Pertanto, nessuno deve temere un vuoto giuridico in Bitcoins. La Corte di giustizia europea, ad esempio, ha dimostrato che la legge può fornire risposte. Nel 2015 ha deciso che, sebbene i Bitcoins non abbiano corso legale, dovrebbero essere coperti da una specifica eccezione di legge e quindi non sono soggetti all’IVA.

Chi possiede Bitcoin Cash – l’investitore o la borsa?
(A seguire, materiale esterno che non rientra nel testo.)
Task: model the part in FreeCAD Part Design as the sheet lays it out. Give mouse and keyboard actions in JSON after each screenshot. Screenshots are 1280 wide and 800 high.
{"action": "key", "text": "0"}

A causa del rifiuto iniziale, gli utenti di Coinbase hanno già annunciato azioni legali contro lo scambio. Secondo le condizioni generali di Coinbase, il rapporto con l’utente è soggetto al diritto inglese. Questo, come il diritto statunitense, rientra nell’ambito di applicazione giuridica della “Common Law”. Gli avvocati statunitensi sostengono a favore degli utenti che secondo la Common Law

il proprietario di una mucca possiede anche il suo vitello (Prof. Tim Wu),
una borsa valori che trattiene Bitcoin Cash può essere ritenuta responsabile per danni per negligenza, violazione di un dovere fiduciario o arricchimento senza causa (avvocato Priyanka Ghosh-Murthy).

Diritto tedesco
Una valutazione simile a quella fatta dai suddetti colleghi statunitensi è ovvia anche secondo il diritto tedesco. Non è stato ancora chiarito come i Bitcoin debbano essere classificati ai sensi del codice civile tedesco. Non devono essere né oggetti (cfr. § 90 BGB) né diritti, ma “altri oggetti incorporei”. In ogni caso, sono necessarie le seguenti valutazioni e confronti:

I Bitcoin Cash sono “frutti” dei Bitcoin nel senso del BGB (§ 99 BGB definisce i frutti materiali e legali; § 581 BGB mostra che anche gli oggetti incorporei possono avere frutti).
Il proprietario ha diritto alla frutta e agli altri prodotti di un oggetto (§ 953 BGB).
“Il “proprietario” di Bitcoins è il proprietario dell’indirizzo Bitcoin, nel nostro caso la borsa valori.

Il contratto tra l’utente e lo scambio contiene un elemento di fiducia. Cioè, la borsa gestisce i Bitcoin sui propri indirizzi e quindi riceve giustamente prima i frutti (come il Bitcoin Cash). Tuttavia, Bitcoin è gestito per conto e nell’interesse degli utenti. In qualità di fiduciario, la borsa è tenuta a gestire Bitcoin in modo ordinato. Deve dare i suoi frutti, riceverla e infine consegnarla all’utente.

A mio avviso, l’obbligo di cedere Bitcoin Cash non può essere escluso nemmeno nel contratto d’uso. Una tale esclusione è suscettibile di violare la legge AGB. Esso limiterebbe i diritti essenziali derivanti dalla natura del contratto di borsa in modo tale da mettere in pericolo la realizzazione dello scopo del contratto (cfr. § 307 comma 2 n. 2 n. 2 BGB).